What you will do:
Below are several records. Retype exactly those lines running from the one with "Page size: 875x1241." through the one with "Identify the document", end lines included, and no others.

The data:

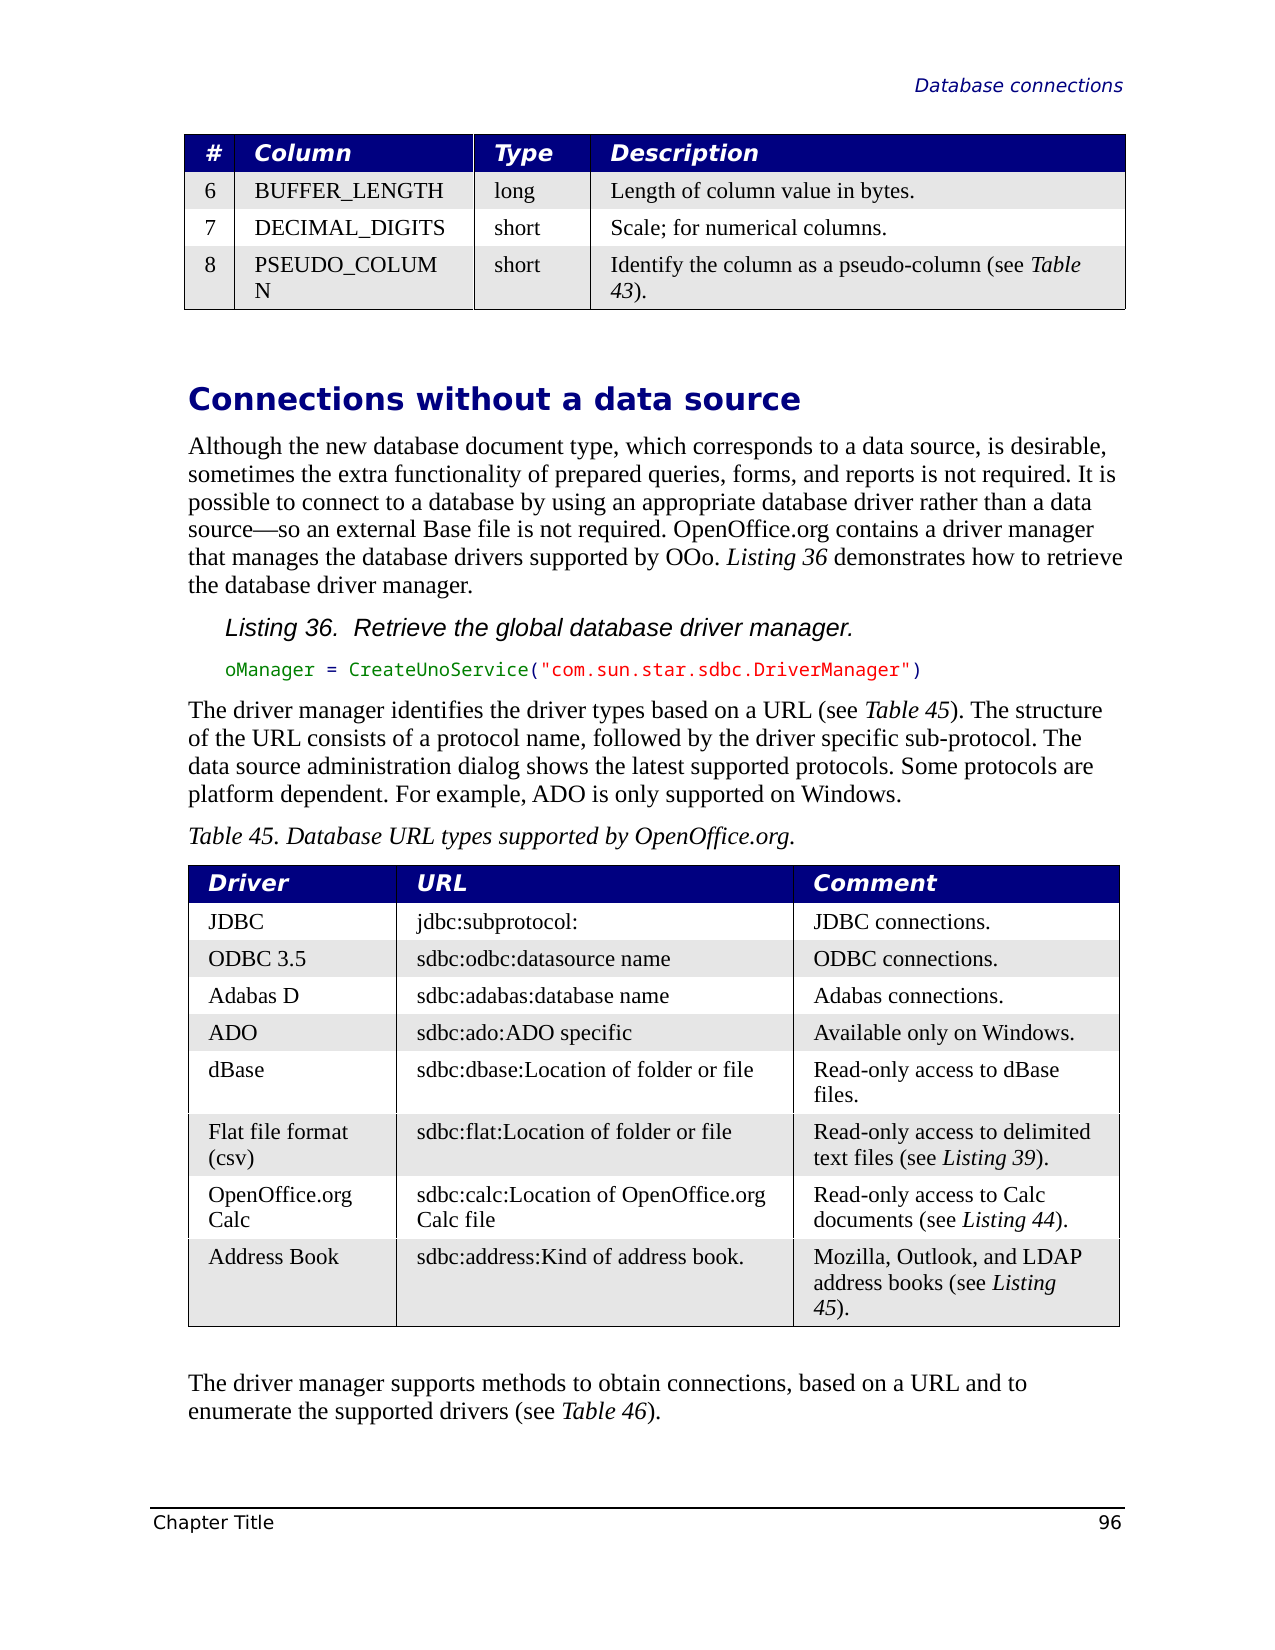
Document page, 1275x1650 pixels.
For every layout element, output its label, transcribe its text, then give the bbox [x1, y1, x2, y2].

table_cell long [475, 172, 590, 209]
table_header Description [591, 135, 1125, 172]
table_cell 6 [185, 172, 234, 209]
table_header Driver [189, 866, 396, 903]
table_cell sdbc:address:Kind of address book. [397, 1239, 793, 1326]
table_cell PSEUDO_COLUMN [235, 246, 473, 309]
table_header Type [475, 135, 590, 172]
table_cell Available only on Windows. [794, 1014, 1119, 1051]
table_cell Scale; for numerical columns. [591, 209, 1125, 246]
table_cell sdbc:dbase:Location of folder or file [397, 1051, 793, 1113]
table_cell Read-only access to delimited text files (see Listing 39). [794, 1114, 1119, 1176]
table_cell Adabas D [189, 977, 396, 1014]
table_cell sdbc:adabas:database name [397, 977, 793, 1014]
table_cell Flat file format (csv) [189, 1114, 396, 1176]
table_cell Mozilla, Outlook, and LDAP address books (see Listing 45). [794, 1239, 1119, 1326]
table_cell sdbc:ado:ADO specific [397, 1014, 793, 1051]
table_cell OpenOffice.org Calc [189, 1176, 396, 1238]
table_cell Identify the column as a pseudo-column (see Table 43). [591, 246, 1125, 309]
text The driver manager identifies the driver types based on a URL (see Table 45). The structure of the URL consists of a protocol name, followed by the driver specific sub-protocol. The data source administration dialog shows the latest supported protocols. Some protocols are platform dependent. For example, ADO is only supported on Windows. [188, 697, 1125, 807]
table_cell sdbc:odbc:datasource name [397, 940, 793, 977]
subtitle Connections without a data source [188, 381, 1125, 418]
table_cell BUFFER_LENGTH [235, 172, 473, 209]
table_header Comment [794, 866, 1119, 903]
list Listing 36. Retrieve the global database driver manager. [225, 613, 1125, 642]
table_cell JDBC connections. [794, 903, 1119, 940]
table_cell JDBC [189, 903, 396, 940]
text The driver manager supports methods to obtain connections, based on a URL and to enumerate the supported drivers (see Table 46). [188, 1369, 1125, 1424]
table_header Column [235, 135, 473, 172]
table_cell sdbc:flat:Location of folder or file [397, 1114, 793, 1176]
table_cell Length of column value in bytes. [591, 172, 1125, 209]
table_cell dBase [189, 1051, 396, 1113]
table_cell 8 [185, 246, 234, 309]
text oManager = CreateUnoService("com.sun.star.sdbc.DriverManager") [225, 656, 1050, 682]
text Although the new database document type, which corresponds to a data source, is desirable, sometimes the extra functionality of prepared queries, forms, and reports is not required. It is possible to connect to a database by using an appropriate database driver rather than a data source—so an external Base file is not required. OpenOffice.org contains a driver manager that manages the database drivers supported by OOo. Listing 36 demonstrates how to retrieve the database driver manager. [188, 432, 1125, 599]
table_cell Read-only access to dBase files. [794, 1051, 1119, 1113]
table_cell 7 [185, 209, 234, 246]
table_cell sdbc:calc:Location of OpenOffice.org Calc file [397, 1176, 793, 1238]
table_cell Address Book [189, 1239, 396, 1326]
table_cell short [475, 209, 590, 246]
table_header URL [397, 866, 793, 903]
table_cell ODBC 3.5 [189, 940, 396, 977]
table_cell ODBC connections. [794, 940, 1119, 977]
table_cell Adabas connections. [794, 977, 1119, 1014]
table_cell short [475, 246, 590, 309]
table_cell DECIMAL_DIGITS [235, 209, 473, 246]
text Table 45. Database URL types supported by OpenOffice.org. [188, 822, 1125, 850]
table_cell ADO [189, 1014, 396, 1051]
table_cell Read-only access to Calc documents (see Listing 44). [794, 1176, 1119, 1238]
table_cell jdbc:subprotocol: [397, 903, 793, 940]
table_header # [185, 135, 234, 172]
* * *
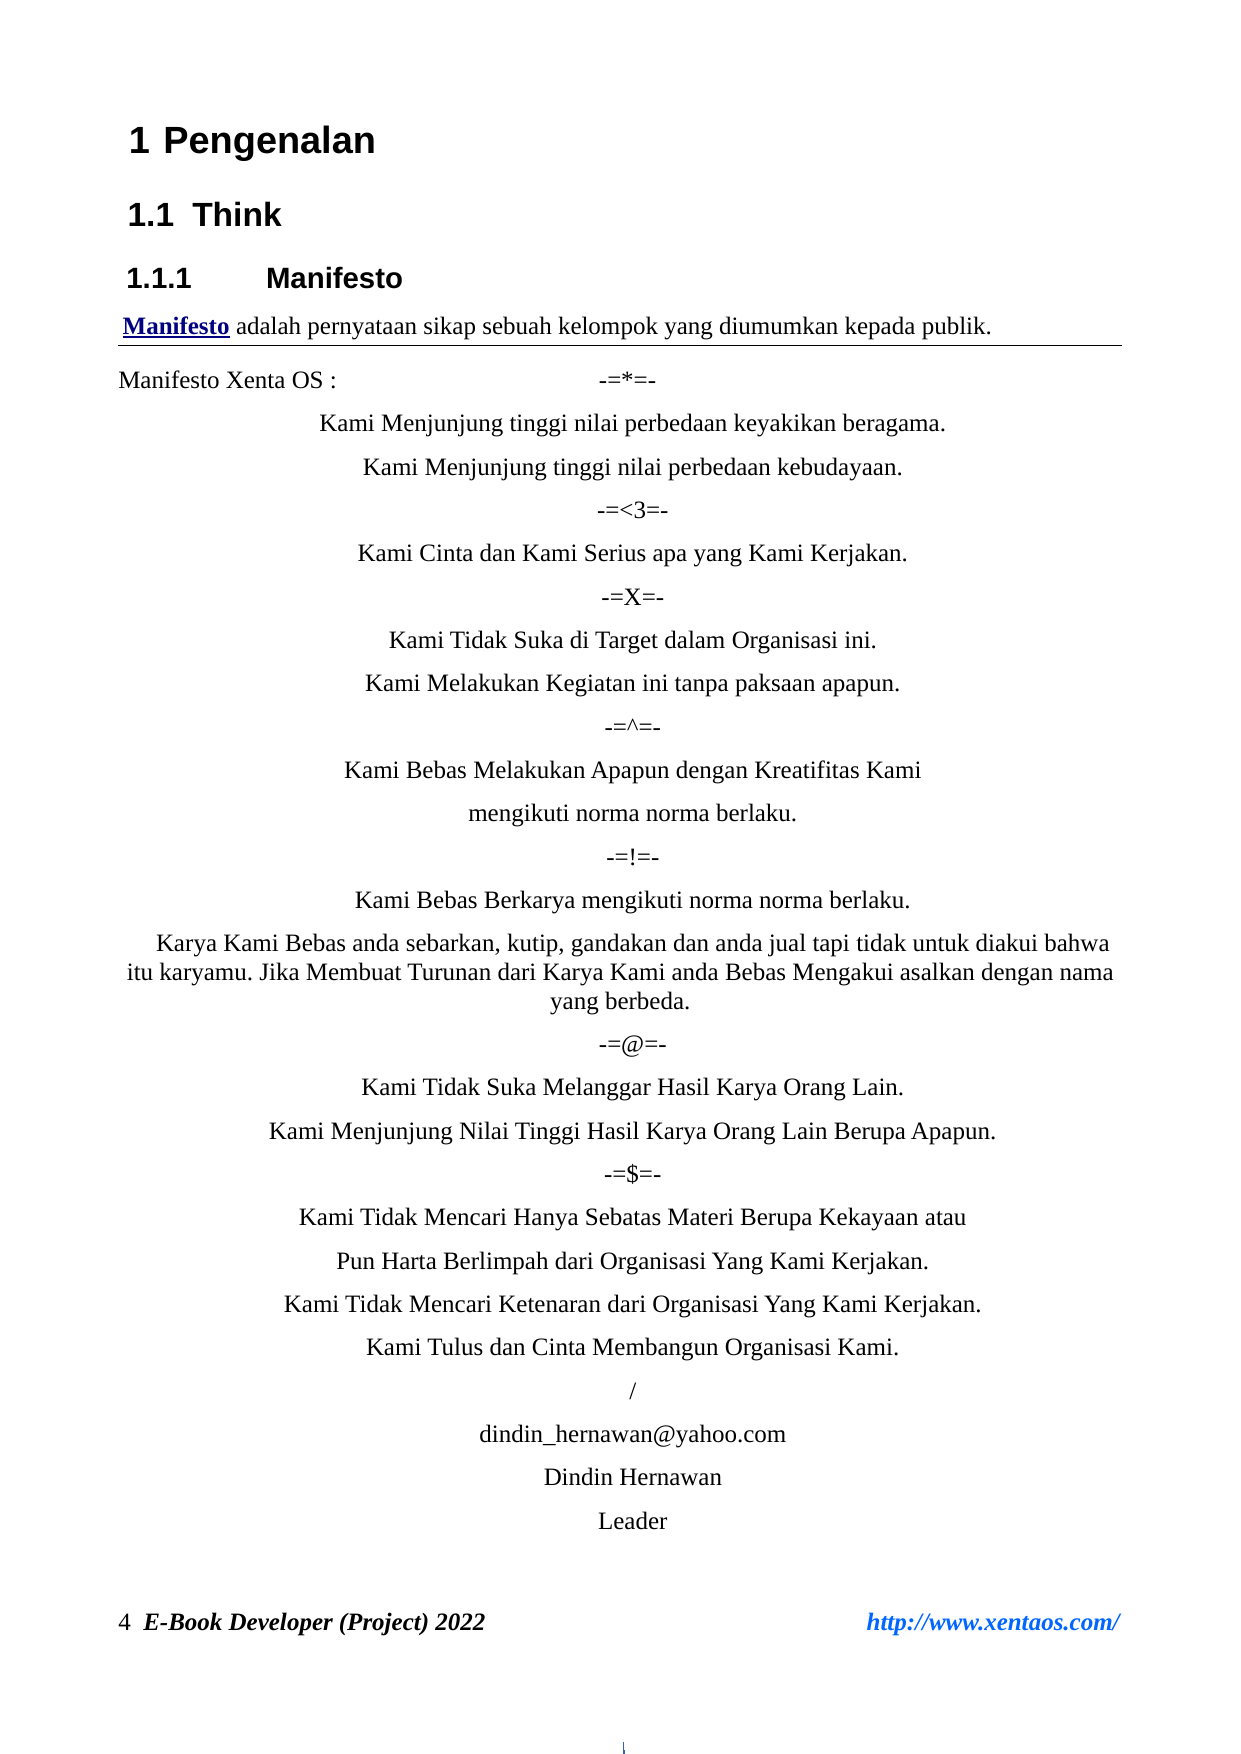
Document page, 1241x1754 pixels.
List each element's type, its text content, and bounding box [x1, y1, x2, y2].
* * *
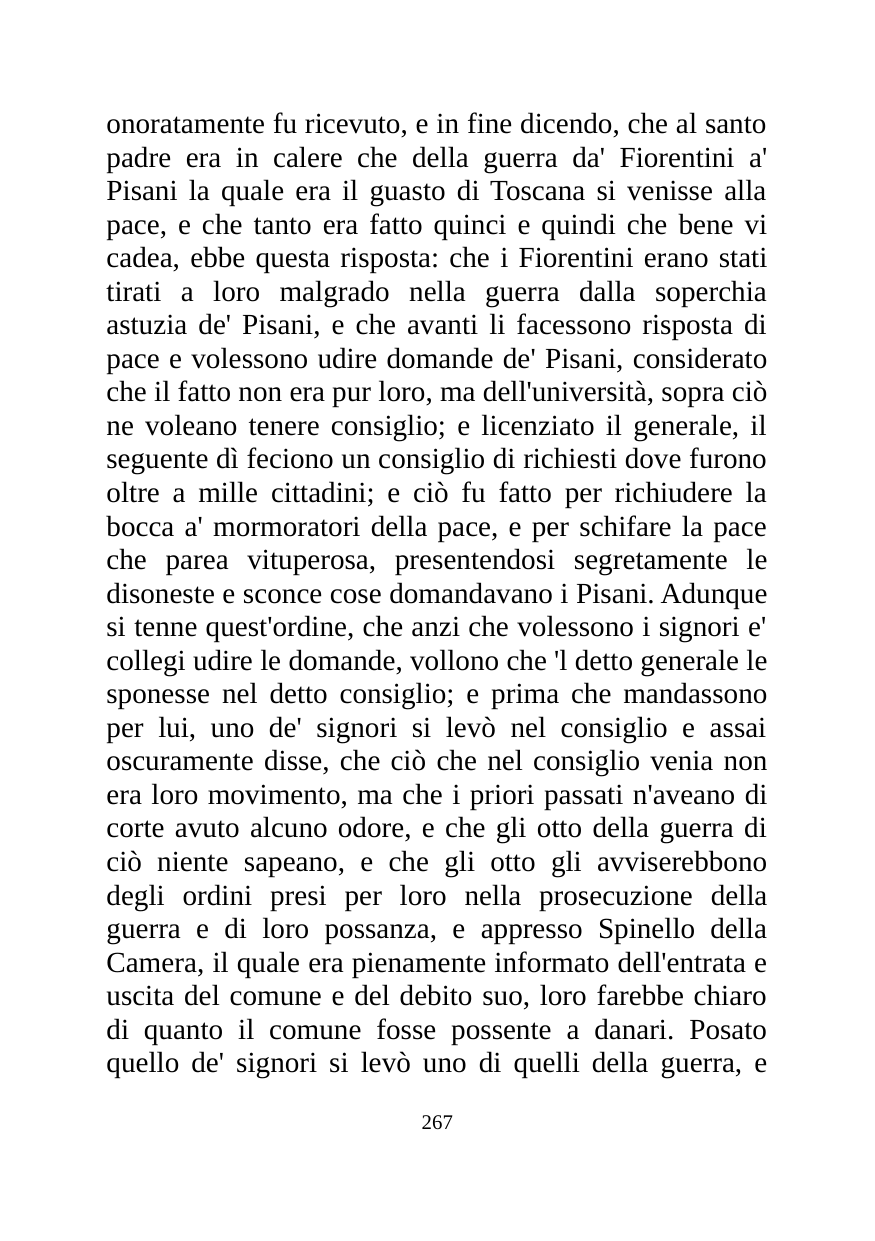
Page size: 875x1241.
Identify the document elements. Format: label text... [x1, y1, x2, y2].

Task response:
Page size: 875x1241.
Identify the document elements. Format: label text... [x1, y1, x2, y2].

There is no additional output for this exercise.